_BRIEF_:
All lines in the records that carry the string "pitch" are to be shown.

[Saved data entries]
- Opening Delimiter -

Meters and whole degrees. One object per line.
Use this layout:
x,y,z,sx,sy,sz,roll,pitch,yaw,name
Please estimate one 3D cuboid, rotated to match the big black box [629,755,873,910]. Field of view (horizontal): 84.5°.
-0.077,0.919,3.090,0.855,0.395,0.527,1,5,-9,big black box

- Closing Delimiter -
- Opening Delimiter -

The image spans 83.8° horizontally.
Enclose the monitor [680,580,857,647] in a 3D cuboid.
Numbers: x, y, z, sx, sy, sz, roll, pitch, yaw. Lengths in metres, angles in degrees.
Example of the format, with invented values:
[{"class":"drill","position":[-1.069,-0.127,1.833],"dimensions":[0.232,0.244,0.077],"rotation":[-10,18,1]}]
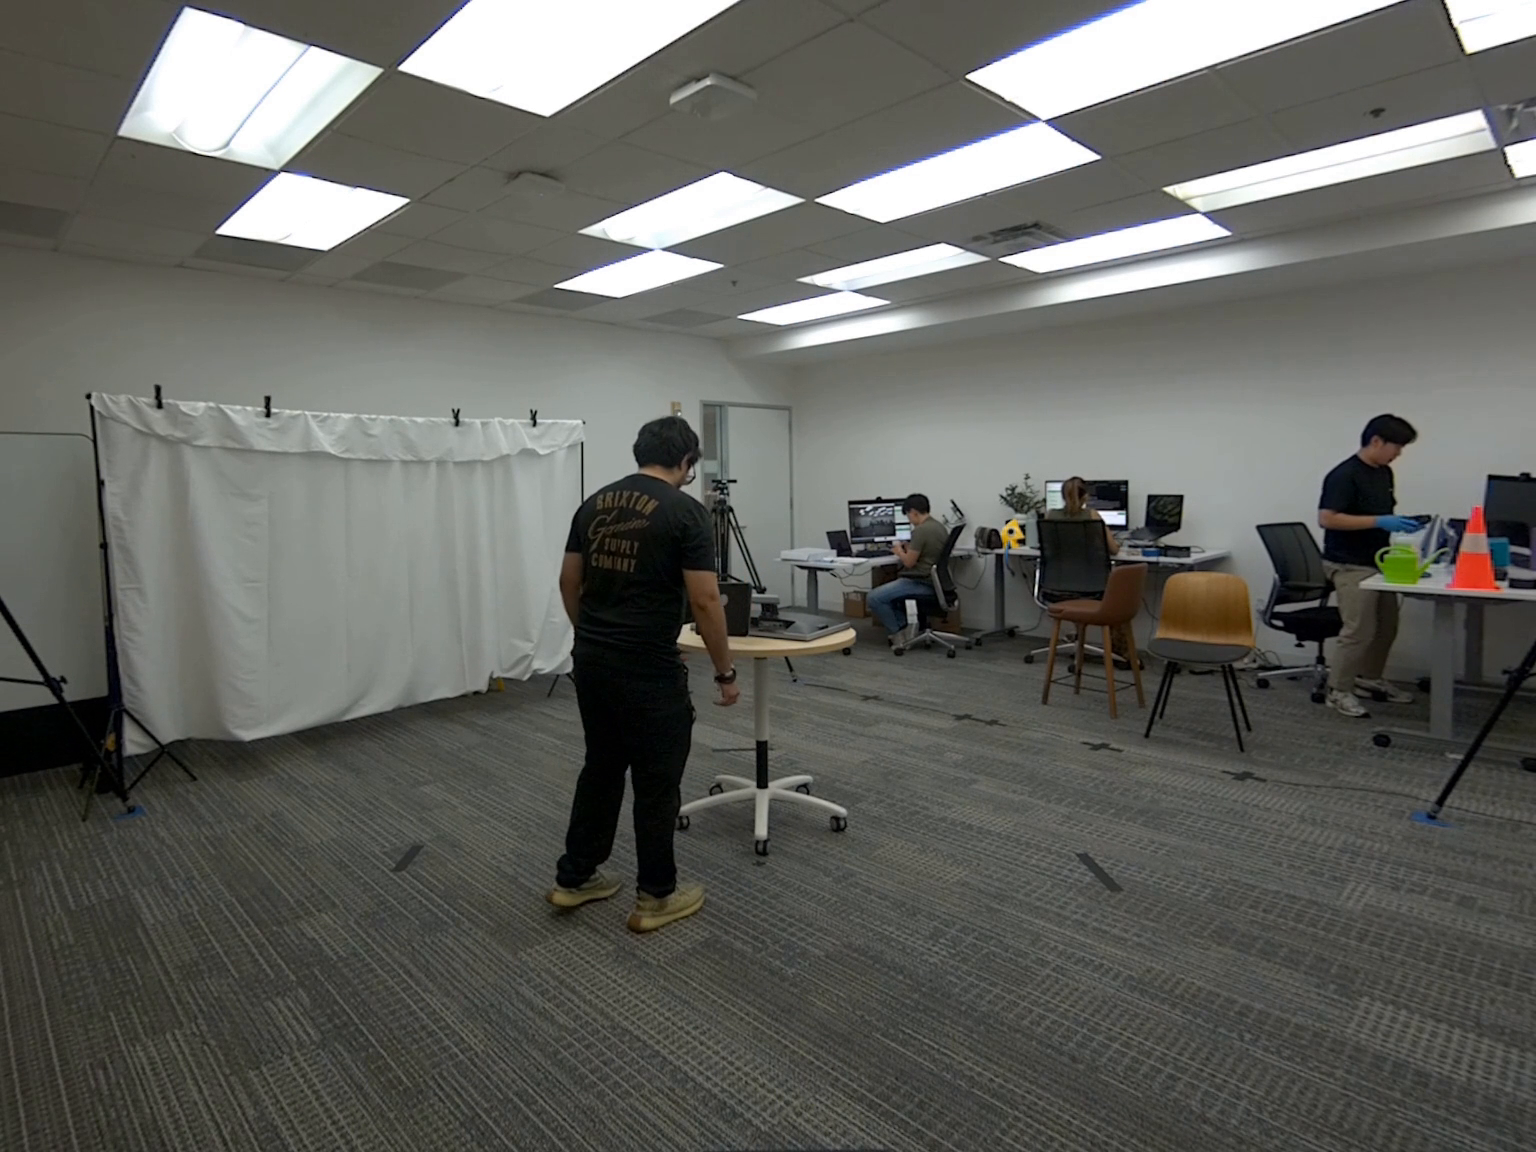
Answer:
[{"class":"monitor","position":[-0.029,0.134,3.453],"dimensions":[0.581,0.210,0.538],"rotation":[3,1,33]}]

- Closing Delimiter -

_RESPONSE TO THIS EXERCISE_:
x,y,z,sx,sy,sz,roll,pitch,yaw,name
Numbers: x, y, z, sx, sy, sz, roll, pitch, yaw. Lengths in metres, angles in degrees.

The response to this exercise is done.